Each entry should be set down exactly as written, except for any picture it holds.

(Excerpted records Opens)

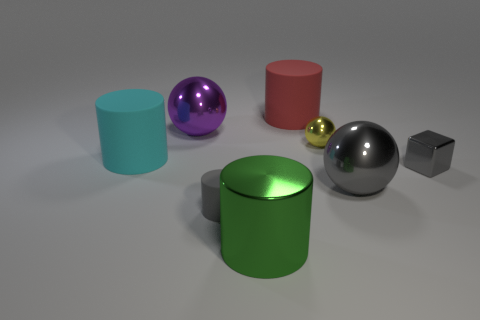Can you tell me the different colors of the objects seen in the image? Certainly! There is a cyan cylinder, a purple sphere, a red cylinder, a yellow sphere, a large grey sphere, and a small grey cube. 
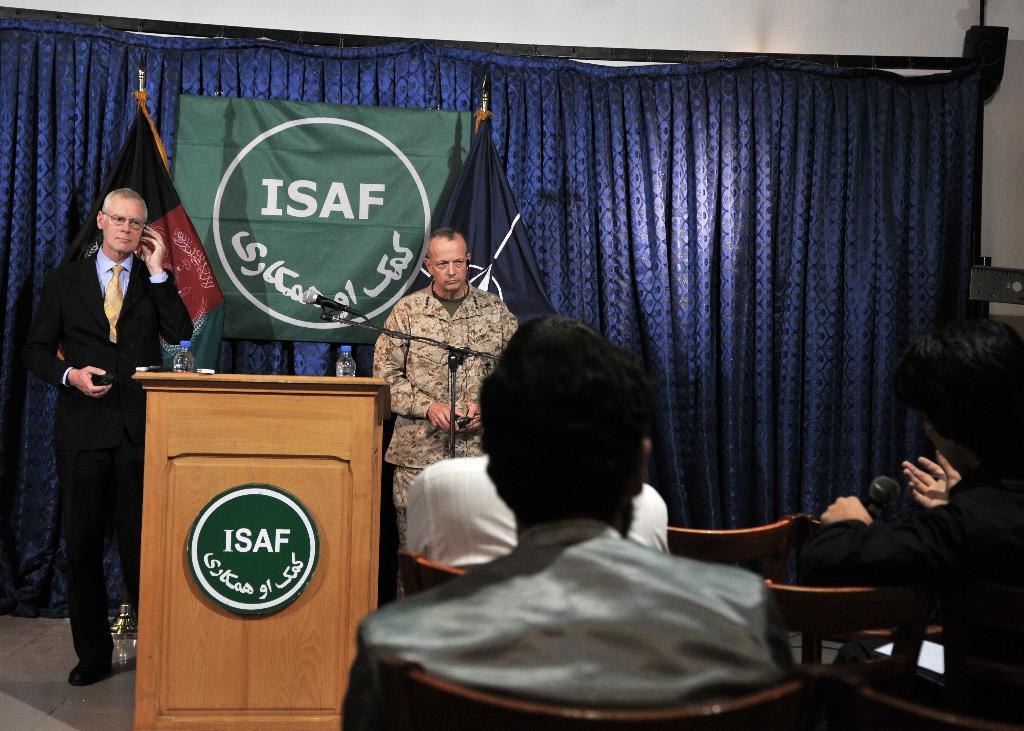<image>
Create a compact narrative representing the image presented. A podium and banner with a white circle on a green background and white letters ISAF, with two men standing between them. 
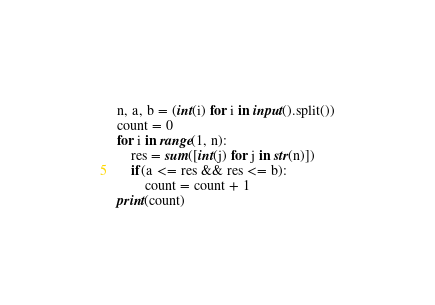<code> <loc_0><loc_0><loc_500><loc_500><_Python_>n, a, b = (int(i) for i in input().split())
count = 0
for i in range(1, n):
    res = sum([int(j) for j in str(n)])
    if(a <= res && res <= b):
        count = count + 1
print(count)</code> 
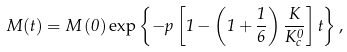<formula> <loc_0><loc_0><loc_500><loc_500>M ( t ) = M \left ( 0 \right ) \exp \left \{ - p \left [ 1 - \left ( 1 + \frac { 1 } { 6 } \right ) \frac { K } { K _ { c } ^ { 0 } } \right ] t \right \} ,</formula> 
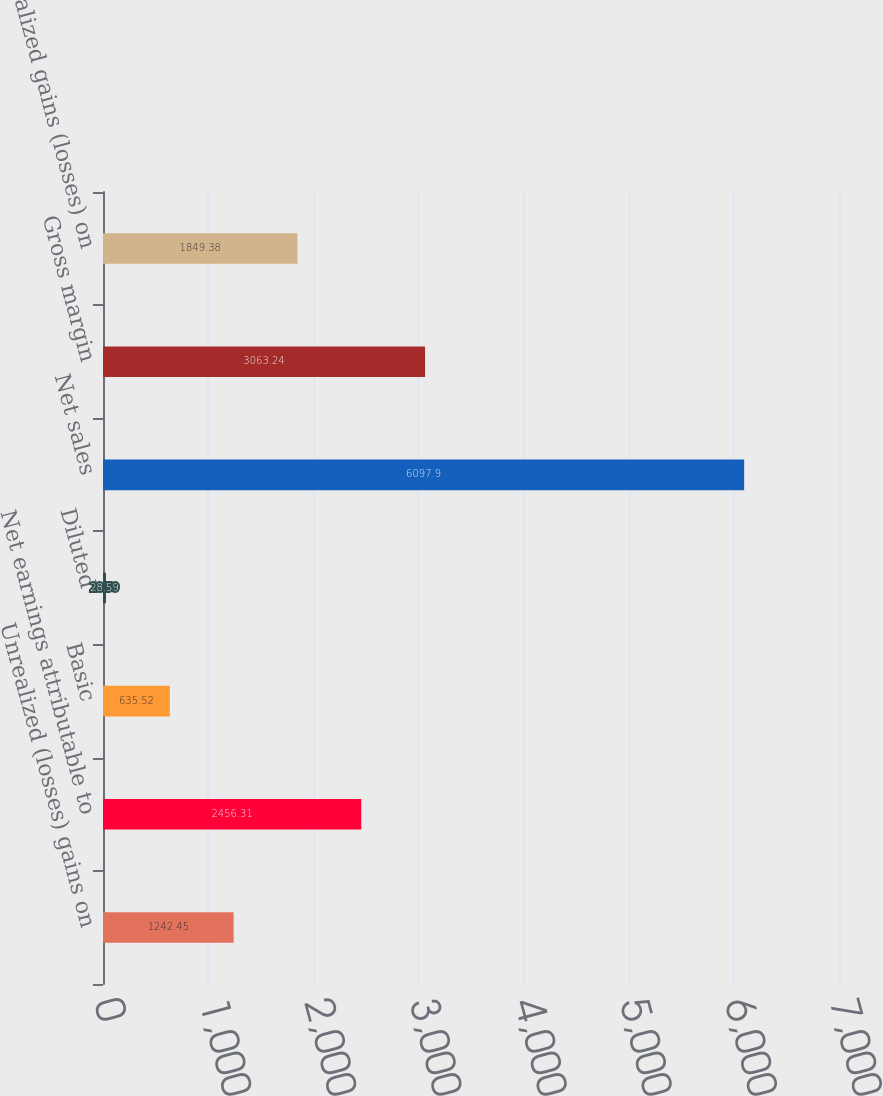<chart> <loc_0><loc_0><loc_500><loc_500><bar_chart><fcel>Unrealized (losses) gains on<fcel>Net earnings attributable to<fcel>Basic<fcel>Diluted<fcel>Net sales<fcel>Gross margin<fcel>Unrealized gains (losses) on<nl><fcel>1242.45<fcel>2456.31<fcel>635.52<fcel>28.59<fcel>6097.9<fcel>3063.24<fcel>1849.38<nl></chart> 
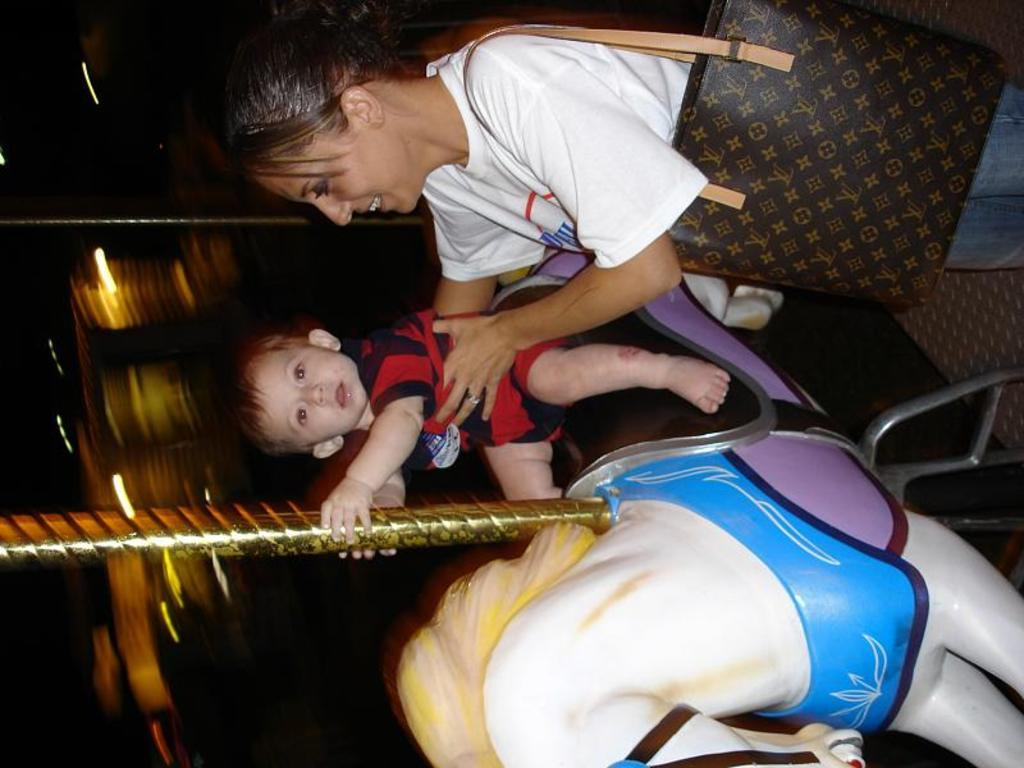Who is present in the image? There is a woman and a kid in the image. Can you describe the relationship between the woman and the kid? The relationship between the woman and the kid is not specified in the image. What is the woman doing in the image? The actions of the woman are not specified in the image. What is the kid doing in the image? The actions of the kid are not specified in the image. What color is the carpenter's apron in the image? There is no carpenter or apron present in the image. How does the woman rub the color onto the kid's face in the image? There is no rubbing or coloring of the kid's face depicted in the image. 
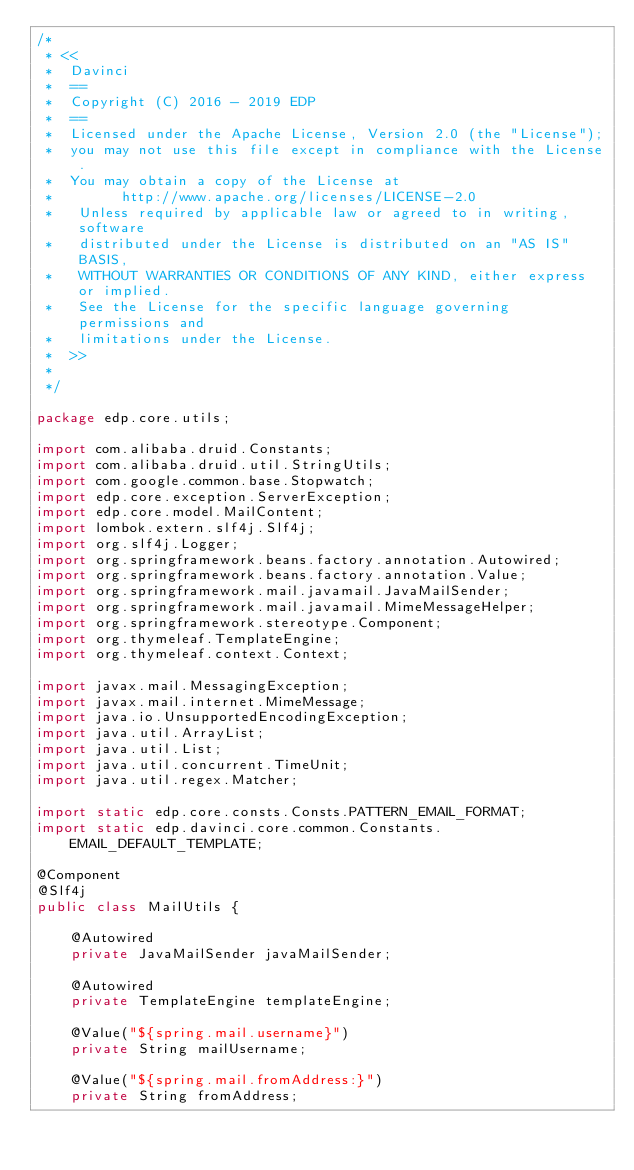Convert code to text. <code><loc_0><loc_0><loc_500><loc_500><_Java_>/*
 * <<
 *  Davinci
 *  ==
 *  Copyright (C) 2016 - 2019 EDP
 *  ==
 *  Licensed under the Apache License, Version 2.0 (the "License");
 *  you may not use this file except in compliance with the License.
 *  You may obtain a copy of the License at
 *        http://www.apache.org/licenses/LICENSE-2.0
 *   Unless required by applicable law or agreed to in writing, software
 *   distributed under the License is distributed on an "AS IS" BASIS,
 *   WITHOUT WARRANTIES OR CONDITIONS OF ANY KIND, either express or implied.
 *   See the License for the specific language governing permissions and
 *   limitations under the License.
 *  >>
 *
 */

package edp.core.utils;

import com.alibaba.druid.Constants;
import com.alibaba.druid.util.StringUtils;
import com.google.common.base.Stopwatch;
import edp.core.exception.ServerException;
import edp.core.model.MailContent;
import lombok.extern.slf4j.Slf4j;
import org.slf4j.Logger;
import org.springframework.beans.factory.annotation.Autowired;
import org.springframework.beans.factory.annotation.Value;
import org.springframework.mail.javamail.JavaMailSender;
import org.springframework.mail.javamail.MimeMessageHelper;
import org.springframework.stereotype.Component;
import org.thymeleaf.TemplateEngine;
import org.thymeleaf.context.Context;

import javax.mail.MessagingException;
import javax.mail.internet.MimeMessage;
import java.io.UnsupportedEncodingException;
import java.util.ArrayList;
import java.util.List;
import java.util.concurrent.TimeUnit;
import java.util.regex.Matcher;

import static edp.core.consts.Consts.PATTERN_EMAIL_FORMAT;
import static edp.davinci.core.common.Constants.EMAIL_DEFAULT_TEMPLATE;

@Component
@Slf4j
public class MailUtils {

    @Autowired
    private JavaMailSender javaMailSender;

    @Autowired
    private TemplateEngine templateEngine;

    @Value("${spring.mail.username}")
    private String mailUsername;

    @Value("${spring.mail.fromAddress:}")
    private String fromAddress;
</code> 
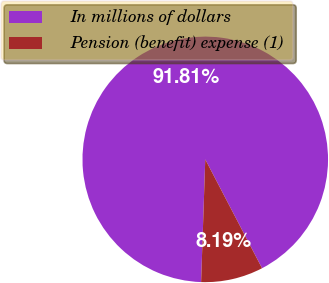Convert chart. <chart><loc_0><loc_0><loc_500><loc_500><pie_chart><fcel>In millions of dollars<fcel>Pension (benefit) expense (1)<nl><fcel>91.81%<fcel>8.19%<nl></chart> 
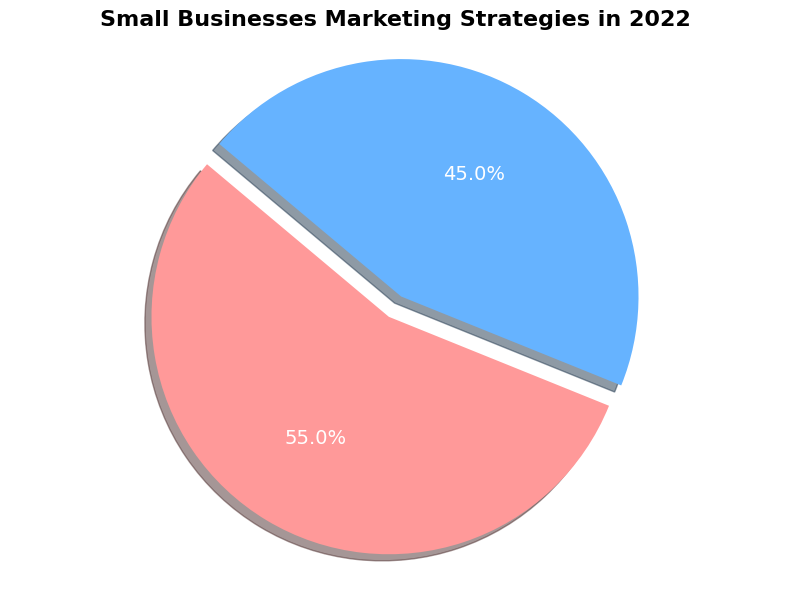what is the percentage of small businesses using traditional marketing strategies in 2022? Look at the portion of the pie chart labeled "Traditional" and identify the percentage value displayed.
Answer: 55% How has the proportion of small businesses utilizing disruptive marketing strategies changed over the past 5 years? The pie chart only shows the data for the latest year, but comparing the latest percentage (45%) with the historical data, we can see an increase from 25% in 2018 to 45% in 2022.
Answer: Increased Which marketing strategy had a larger proportion of small businesses in 2022? Compare the perceivable sizes of the two segments in the pie chart and the actual percentage values. "Traditional" has a larger segment (55% vs. 45%).
Answer: Traditional What is the difference between the proportions of small businesses using traditional and disruptive marketing strategies in 2022? Subtract the percentage of businesses using disruptive strategies (45%) from those using traditional strategies (55%). 55% - 45% = 10%.
Answer: 10% What does the visual indication (color) for traditional marketing strategies look like in the pie chart? Identify the color associated with the "Traditional" portion of the pie chart.
Answer: Red If the percentages of small businesses using disruptive strategies increased linearly over the past 5 years, by what percentage did it increase each year on average? Calculate the overall increase from 2018 to 2022, which is 45% - 25% = 20%, then divide by the number of years (4) to find the average annual increase. 20% ÷ 4 = 5% per year.
Answer: 5% By what percentage did the proportion of small businesses using traditional marketing strategies reduce from 2021 to 2022? Find the difference between the 2021 and 2022 percentages for traditional strategies (60% - 55% = 5%), then calculate this as a percentage of the 2021 value (5% ÷ 60% * 100%).
Answer: 8.33% 
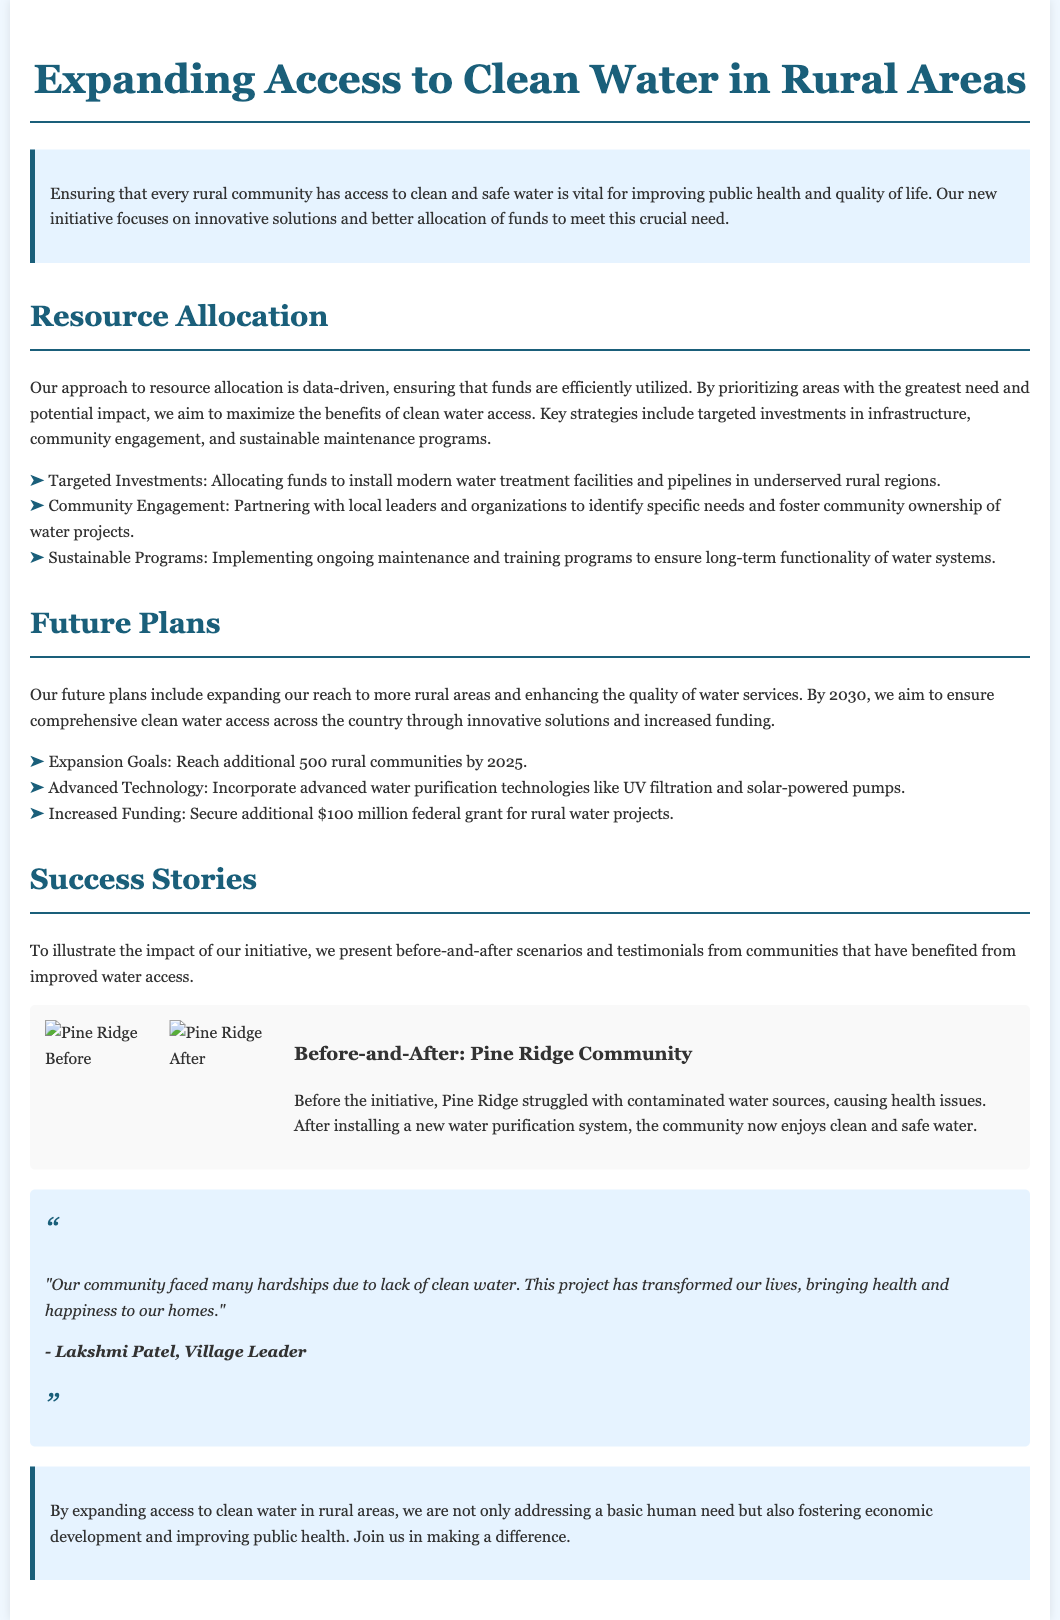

(Excerpted records Closes)

◆ Solution ◆
Can you tell me the different colors of the objects seen in the image? Certainly! There is a cyan cylinder, a purple sphere, a red cylinder, a yellow sphere, a large grey sphere, and a small grey cube. 
<image>
Create a compact narrative representing the image presented. A podium and banner with a white circle on a green background and white letters ISAF, with two men standing between them. 
<code> <loc_0><loc_0><loc_500><loc_500><_Python_>n, a, b = (int(i) for i in input().split())
count = 0
for i in range(1, n):
    res = sum([int(j) for j in str(n)])
    if(a <= res && res <= b):
        count = count + 1
print(count)</code> 
<formula> <loc_0><loc_0><loc_500><loc_500>M ( t ) = M \left ( 0 \right ) \exp \left \{ - p \left [ 1 - \left ( 1 + \frac { 1 } { 6 } \right ) \frac { K } { K _ { c } ^ { 0 } } \right ] t \right \} ,</formula> 
<chart> <loc_0><loc_0><loc_500><loc_500><bar_chart><fcel>Unrealized (losses) gains on<fcel>Net earnings attributable to<fcel>Basic<fcel>Diluted<fcel>Net sales<fcel>Gross margin<fcel>Unrealized gains (losses) on<nl><fcel>1242.45<fcel>2456.31<fcel>635.52<fcel>28.59<fcel>6097.9<fcel>3063.24<fcel>1849.38<nl></chart> 
Who is present in the image? There is a woman and a kid in the image. Can you describe the relationship between the woman and the kid? The relationship between the woman and the kid is not specified in the image. What is the woman doing in the image? The actions of the woman are not specified in the image. What is the kid doing in the image? The actions of the kid are not specified in the image. What color is the carpenter's apron in the image? There is no carpenter or apron present in the image. How does the woman rub the color onto the kid's face in the image? There is no rubbing or coloring of the kid's face depicted in the image. 
Convert code to text. <code><loc_0><loc_0><loc_500><loc_500><_Java_>/*
 * <<
 *  Davinci
 *  ==
 *  Copyright (C) 2016 - 2019 EDP
 *  ==
 *  Licensed under the Apache License, Version 2.0 (the "License");
 *  you may not use this file except in compliance with the License.
 *  You may obtain a copy of the License at
 *        http://www.apache.org/licenses/LICENSE-2.0
 *   Unless required by applicable law or agreed to in writing, software
 *   distributed under the License is distributed on an "AS IS" BASIS,
 *   WITHOUT WARRANTIES OR CONDITIONS OF ANY KIND, either express or implied.
 *   See the License for the specific language governing permissions and
 *   limitations under the License.
 *  >>
 *
 */

package edp.core.utils;

import com.alibaba.druid.Constants;
import com.alibaba.druid.util.StringUtils;
import com.google.common.base.Stopwatch;
import edp.core.exception.ServerException;
import edp.core.model.MailContent;
import lombok.extern.slf4j.Slf4j;
import org.slf4j.Logger;
import org.springframework.beans.factory.annotation.Autowired;
import org.springframework.beans.factory.annotation.Value;
import org.springframework.mail.javamail.JavaMailSender;
import org.springframework.mail.javamail.MimeMessageHelper;
import org.springframework.stereotype.Component;
import org.thymeleaf.TemplateEngine;
import org.thymeleaf.context.Context;

import javax.mail.MessagingException;
import javax.mail.internet.MimeMessage;
import java.io.UnsupportedEncodingException;
import java.util.ArrayList;
import java.util.List;
import java.util.concurrent.TimeUnit;
import java.util.regex.Matcher;

import static edp.core.consts.Consts.PATTERN_EMAIL_FORMAT;
import static edp.davinci.core.common.Constants.EMAIL_DEFAULT_TEMPLATE;

@Component
@Slf4j
public class MailUtils {

    @Autowired
    private JavaMailSender javaMailSender;

    @Autowired
    private TemplateEngine templateEngine;

    @Value("${spring.mail.username}")
    private String mailUsername;

    @Value("${spring.mail.fromAddress:}")
    private String fromAddress;
</code> 
Convert chart. <chart><loc_0><loc_0><loc_500><loc_500><pie_chart><fcel>In millions of dollars<fcel>Pension (benefit) expense (1)<nl><fcel>91.81%<fcel>8.19%<nl></chart> 
what is the percentage of small businesses using traditional marketing strategies in 2022? Look at the portion of the pie chart labeled "Traditional" and identify the percentage value displayed.
Answer: 55% How has the proportion of small businesses utilizing disruptive marketing strategies changed over the past 5 years? The pie chart only shows the data for the latest year, but comparing the latest percentage (45%) with the historical data, we can see an increase from 25% in 2018 to 45% in 2022.
Answer: Increased Which marketing strategy had a larger proportion of small businesses in 2022? Compare the perceivable sizes of the two segments in the pie chart and the actual percentage values. "Traditional" has a larger segment (55% vs. 45%).
Answer: Traditional What is the difference between the proportions of small businesses using traditional and disruptive marketing strategies in 2022? Subtract the percentage of businesses using disruptive strategies (45%) from those using traditional strategies (55%). 55% - 45% = 10%.
Answer: 10% What does the visual indication (color) for traditional marketing strategies look like in the pie chart? Identify the color associated with the "Traditional" portion of the pie chart.
Answer: Red If the percentages of small businesses using disruptive strategies increased linearly over the past 5 years, by what percentage did it increase each year on average? Calculate the overall increase from 2018 to 2022, which is 45% - 25% = 20%, then divide by the number of years (4) to find the average annual increase. 20% ÷ 4 = 5% per year.
Answer: 5% By what percentage did the proportion of small businesses using traditional marketing strategies reduce from 2021 to 2022? Find the difference between the 2021 and 2022 percentages for traditional strategies (60% - 55% = 5%), then calculate this as a percentage of the 2021 value (5% ÷ 60% * 100%).
Answer: 8.33% 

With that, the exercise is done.